Ammonite is particularly strong on understanding ‘women’s work’. It shows it all: the domestic scrubbing, cooking and cleaning, and on top of that Anning’s profession full of scraping, wiping, grubbing, picking, crafting and sketching. The shots linger on Winslet’s battered hands. All this work, for men to make it official with a pretty plaque, and take the credit. And not just for her professional work: a paternalistic young doctor first guilts her into nursing her “fellow sister” and then praises her elaborately – finally awkwardly courting her as if he won’t be happy until he, too, has papered his name over hers. But in Nomadland too, it’s striking: a man sells the dream of the itinerant lifestyle, while an older woman explains toilet buckets and “learning to deal with your own shit”. 

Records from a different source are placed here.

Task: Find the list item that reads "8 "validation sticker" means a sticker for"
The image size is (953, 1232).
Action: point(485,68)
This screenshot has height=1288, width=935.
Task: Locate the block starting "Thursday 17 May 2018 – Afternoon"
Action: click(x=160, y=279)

The Human Voice Tilda Swinton (1)

Courtesy of: Pathé

Isolation, in this context, seems brave. It’s associated with physical discomfort – both films tackle dealing with cold weather – as well as emotional distance. And yet there’s a nobility cast on that choice. Perhaps it’s because at the other end of the spectrum, when older women are abandoned, they so often seem pathetic, undignified. In another festival offering, Pedro Almodóvar’s poignant short The Human Voice, he modernises a Jean Cocteau play for “an era in which isolation has become a way of life”. In it, Tilda Swinton’s heartbroken Woman performs every stage of grief down the phone to her ex-lover. And it’s only when she’s emptied herself out, destroyed everything she built within the relationship, that she can reclaim her own identity. Like Anning and Fern, the price of freedom – in this case thrust on her, rather than chosen – is giving up comforts and appearances. Independence means living outside the lines, but not, as in so many men’s stories, in the pursuit of greatness. It’s simply in the pursuit of self.

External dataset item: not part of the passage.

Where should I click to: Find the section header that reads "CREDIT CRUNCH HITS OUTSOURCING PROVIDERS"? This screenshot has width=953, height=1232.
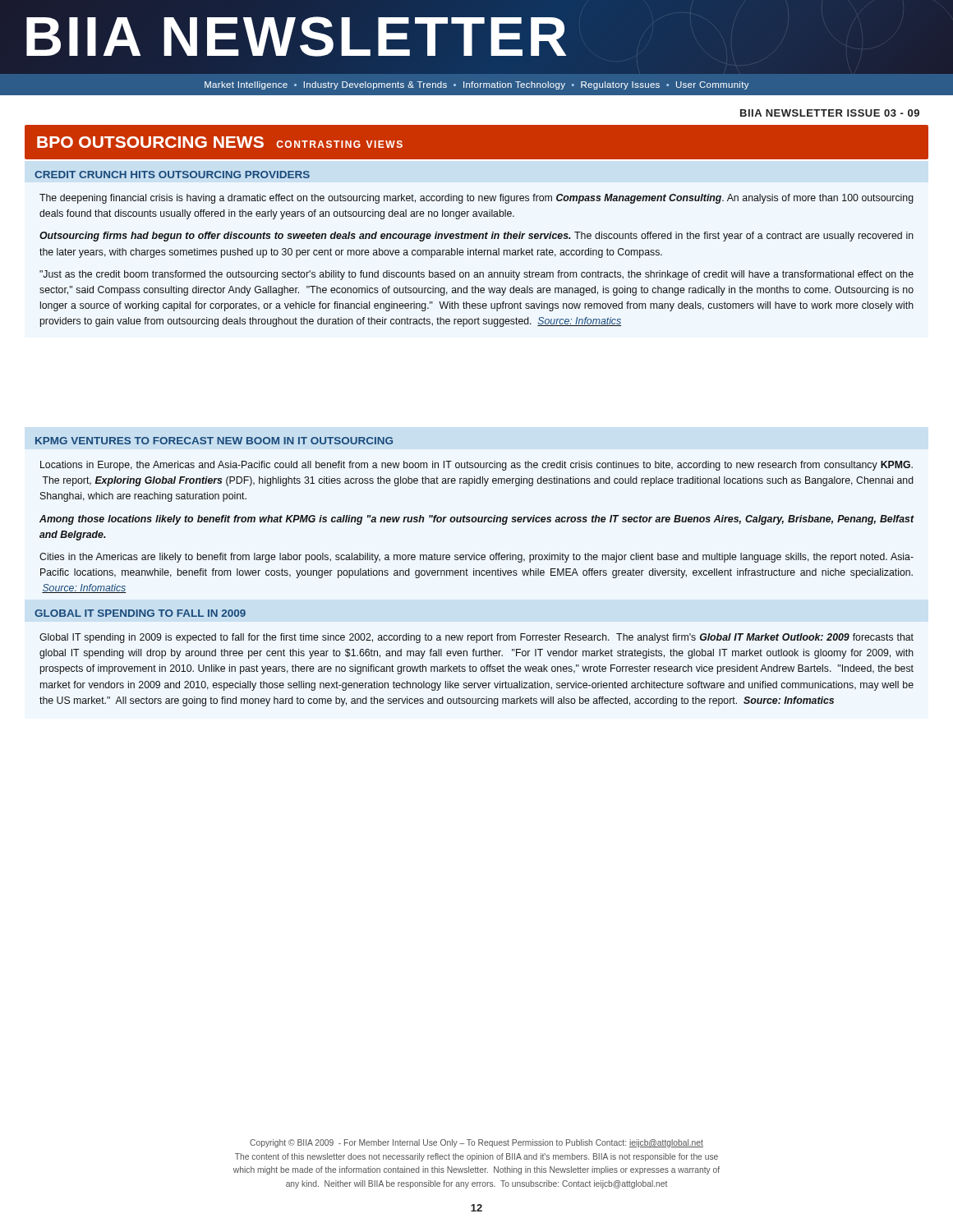172,175

What’s a little harder to find, at least at the moment, is what happens next. Certainly they’re not unheard of, but stories that centre independent older women as characters, not conflicts, aren’t overly common. There is an inescapable gendered element to this: a woman alone generally signposts danger, as when Nomadland sees a sleeping Fern briefly terrified when a cop knocks on her window in the night and tells her to move on. It does, though, hint at plenty more than it can deliver: in the depiction of Fern’s life right now, we understand what the rest of it could be like. 

Still, Ammonite suggests there’s plenty more there to say; Anning’s work continued and indeed continues to outlive her personality (to the point that Francis Lee could have pretty free rein creatively with the facts of her life). There’s more to her life than this window into it. Even Swinton’s Woman narrates to her dog the possibility of living with, and through, pain –  but we don’t get to see it. If, right now, we’re moving through a moment of examining the conflicts in female freedom, perhaps in the next phase we’ll see a cluster of celebrated art around what women choose to do with it.